▶ Work item
What is needed here is each entry reproduced exactly, without its pictures.

▶ Dataset content

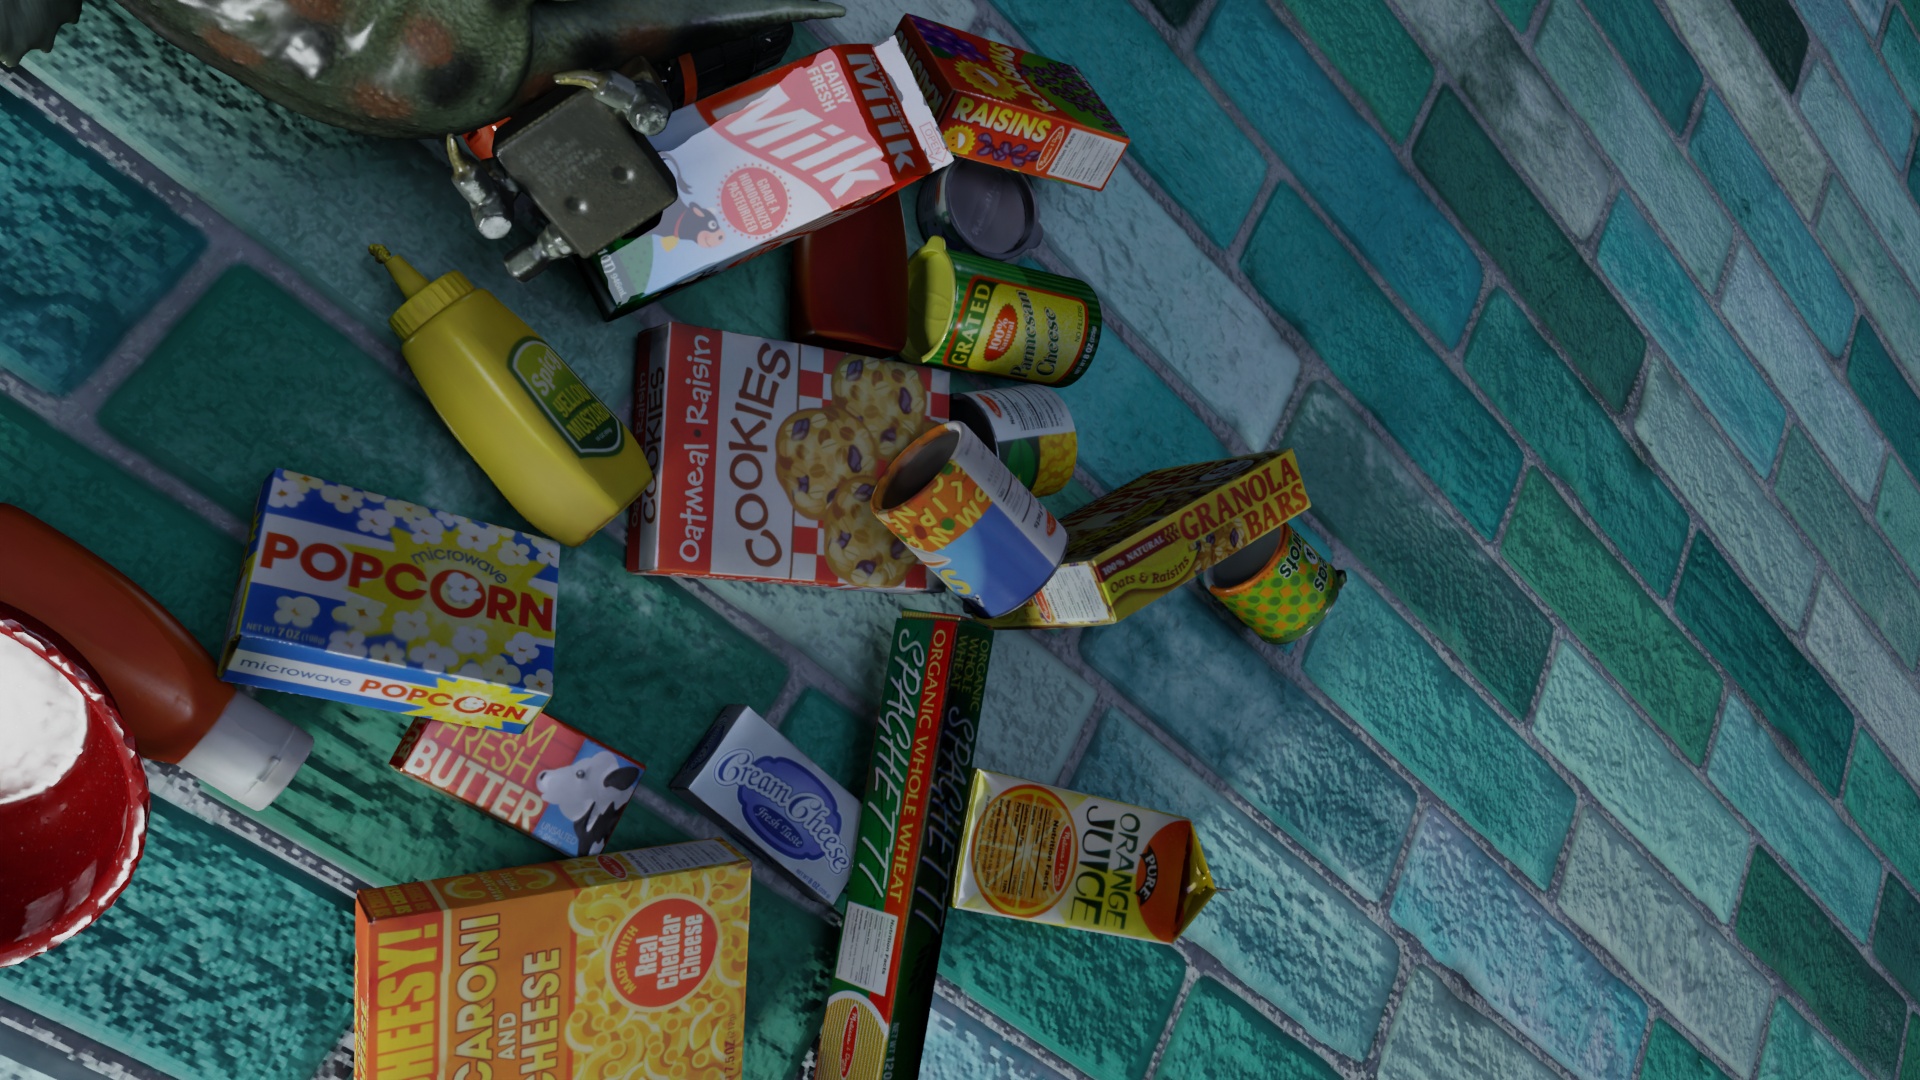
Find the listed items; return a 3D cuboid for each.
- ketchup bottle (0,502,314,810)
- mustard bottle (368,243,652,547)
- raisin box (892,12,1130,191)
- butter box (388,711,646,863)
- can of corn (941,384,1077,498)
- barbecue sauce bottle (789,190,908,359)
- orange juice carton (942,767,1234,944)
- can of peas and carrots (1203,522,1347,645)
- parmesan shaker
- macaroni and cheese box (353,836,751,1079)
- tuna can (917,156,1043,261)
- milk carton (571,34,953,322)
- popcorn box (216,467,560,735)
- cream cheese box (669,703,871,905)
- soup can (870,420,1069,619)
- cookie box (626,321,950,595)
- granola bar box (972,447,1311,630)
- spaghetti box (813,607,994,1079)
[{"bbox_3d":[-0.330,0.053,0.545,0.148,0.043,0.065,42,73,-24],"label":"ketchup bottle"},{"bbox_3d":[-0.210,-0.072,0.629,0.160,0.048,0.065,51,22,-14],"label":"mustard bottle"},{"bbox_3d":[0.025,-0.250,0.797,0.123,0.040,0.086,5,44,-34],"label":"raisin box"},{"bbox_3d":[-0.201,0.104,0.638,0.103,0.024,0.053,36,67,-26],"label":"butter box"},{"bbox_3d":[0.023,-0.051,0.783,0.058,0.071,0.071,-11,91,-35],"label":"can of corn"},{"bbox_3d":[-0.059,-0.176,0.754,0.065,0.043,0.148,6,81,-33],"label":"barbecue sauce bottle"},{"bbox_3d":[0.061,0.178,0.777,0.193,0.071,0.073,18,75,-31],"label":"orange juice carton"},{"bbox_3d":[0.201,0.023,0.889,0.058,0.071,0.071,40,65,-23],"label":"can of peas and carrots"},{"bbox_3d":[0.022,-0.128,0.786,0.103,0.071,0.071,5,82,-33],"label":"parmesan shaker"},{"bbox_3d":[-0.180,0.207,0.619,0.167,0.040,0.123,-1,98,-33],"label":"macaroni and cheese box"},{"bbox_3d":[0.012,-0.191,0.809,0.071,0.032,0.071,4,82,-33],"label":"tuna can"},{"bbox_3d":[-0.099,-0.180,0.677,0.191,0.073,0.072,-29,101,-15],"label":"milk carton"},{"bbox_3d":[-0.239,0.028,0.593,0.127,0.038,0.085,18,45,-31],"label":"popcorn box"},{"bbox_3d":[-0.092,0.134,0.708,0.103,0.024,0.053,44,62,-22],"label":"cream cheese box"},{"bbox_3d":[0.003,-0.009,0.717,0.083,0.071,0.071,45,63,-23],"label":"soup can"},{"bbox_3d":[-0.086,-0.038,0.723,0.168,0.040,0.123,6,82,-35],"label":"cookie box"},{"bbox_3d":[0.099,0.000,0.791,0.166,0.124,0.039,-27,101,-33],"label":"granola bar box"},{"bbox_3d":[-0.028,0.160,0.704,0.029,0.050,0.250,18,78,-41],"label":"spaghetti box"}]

▶ Your solution
Find the listed items; return a 3D cuboid for each.
- ketchup bottle (0,502,314,810)
- mustard bottle (368,243,652,547)
- raisin box (892,12,1130,191)
- butter box (388,711,646,863)
- can of corn (941,384,1077,498)
- barbecue sauce bottle (789,190,908,359)
- orange juice carton (942,767,1234,944)
- can of peas and carrots (1203,522,1347,645)
- parmesan shaker
- macaroni and cheese box (353,836,751,1079)
- tuna can (917,156,1043,261)
- milk carton (571,34,953,322)
- popcorn box (216,467,560,735)
- cream cheese box (669,703,871,905)
- soup can (870,420,1069,619)
- cookie box (626,321,950,595)
- granola bar box (972,447,1311,630)
- spaghetti box (813,607,994,1079)
[{"bbox_3d":[-0.330,0.053,0.545,0.148,0.043,0.065,42,73,-24],"label":"ketchup bottle"},{"bbox_3d":[-0.210,-0.072,0.629,0.160,0.048,0.065,51,22,-14],"label":"mustard bottle"},{"bbox_3d":[0.025,-0.250,0.797,0.123,0.040,0.086,5,44,-34],"label":"raisin box"},{"bbox_3d":[-0.201,0.104,0.638,0.103,0.024,0.053,36,67,-26],"label":"butter box"},{"bbox_3d":[0.023,-0.051,0.783,0.058,0.071,0.071,-11,91,-35],"label":"can of corn"},{"bbox_3d":[-0.059,-0.176,0.754,0.065,0.043,0.148,6,81,-33],"label":"barbecue sauce bottle"},{"bbox_3d":[0.061,0.178,0.777,0.193,0.071,0.073,18,75,-31],"label":"orange juice carton"},{"bbox_3d":[0.201,0.023,0.889,0.058,0.071,0.071,40,65,-23],"label":"can of peas and carrots"},{"bbox_3d":[0.022,-0.128,0.786,0.103,0.071,0.071,5,82,-33],"label":"parmesan shaker"},{"bbox_3d":[-0.180,0.207,0.619,0.167,0.040,0.123,-1,98,-33],"label":"macaroni and cheese box"},{"bbox_3d":[0.012,-0.191,0.809,0.071,0.032,0.071,4,82,-33],"label":"tuna can"},{"bbox_3d":[-0.099,-0.180,0.677,0.191,0.073,0.072,-29,101,-15],"label":"milk carton"},{"bbox_3d":[-0.239,0.028,0.593,0.127,0.038,0.085,18,45,-31],"label":"popcorn box"},{"bbox_3d":[-0.092,0.134,0.708,0.103,0.024,0.053,44,62,-22],"label":"cream cheese box"},{"bbox_3d":[0.003,-0.009,0.717,0.083,0.071,0.071,45,63,-23],"label":"soup can"},{"bbox_3d":[-0.086,-0.038,0.723,0.168,0.040,0.123,6,82,-35],"label":"cookie box"},{"bbox_3d":[0.099,0.000,0.791,0.166,0.124,0.039,-27,101,-33],"label":"granola bar box"},{"bbox_3d":[-0.028,0.160,0.704,0.029,0.050,0.250,18,78,-41],"label":"spaghetti box"}]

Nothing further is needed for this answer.